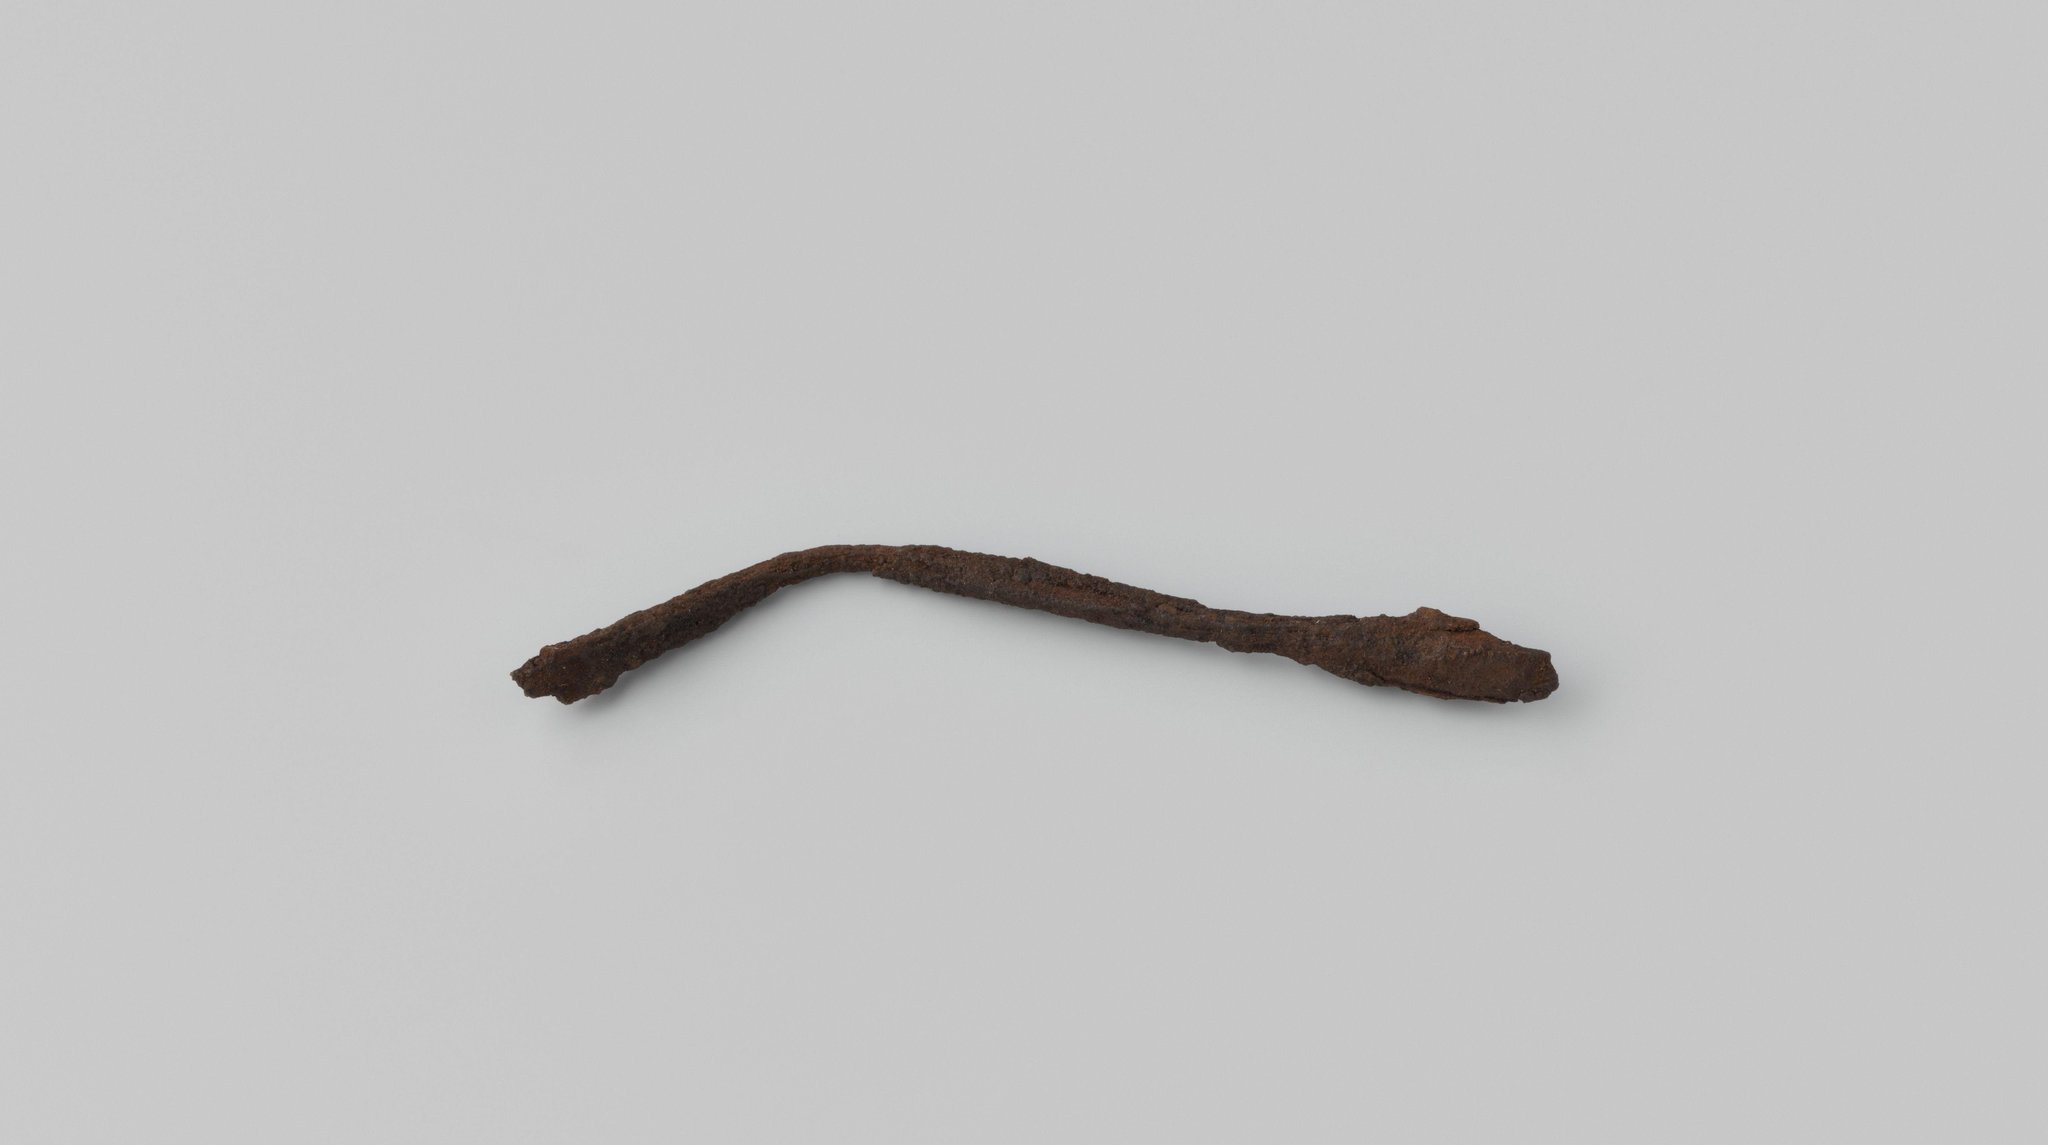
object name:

---

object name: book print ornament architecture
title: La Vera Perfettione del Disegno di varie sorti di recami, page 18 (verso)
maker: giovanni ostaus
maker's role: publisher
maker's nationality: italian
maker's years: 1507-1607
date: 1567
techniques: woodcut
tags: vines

PROBLEM REQUIREMENTS
Your answer should be the exact lines above from the one with "object name: book print ornament architecture" through the one with "tags: vines", both included, and nothing besides.

WRITTEN ANSWER
object name: book print ornament architecture
title: La Vera Perfettione del Disegno di varie sorti di recami, page 18 (verso)
maker: giovanni ostaus
maker's role: publisher
maker's nationality: italian
maker's years: 1507-1607
date: 1567
techniques: woodcut
tags: vines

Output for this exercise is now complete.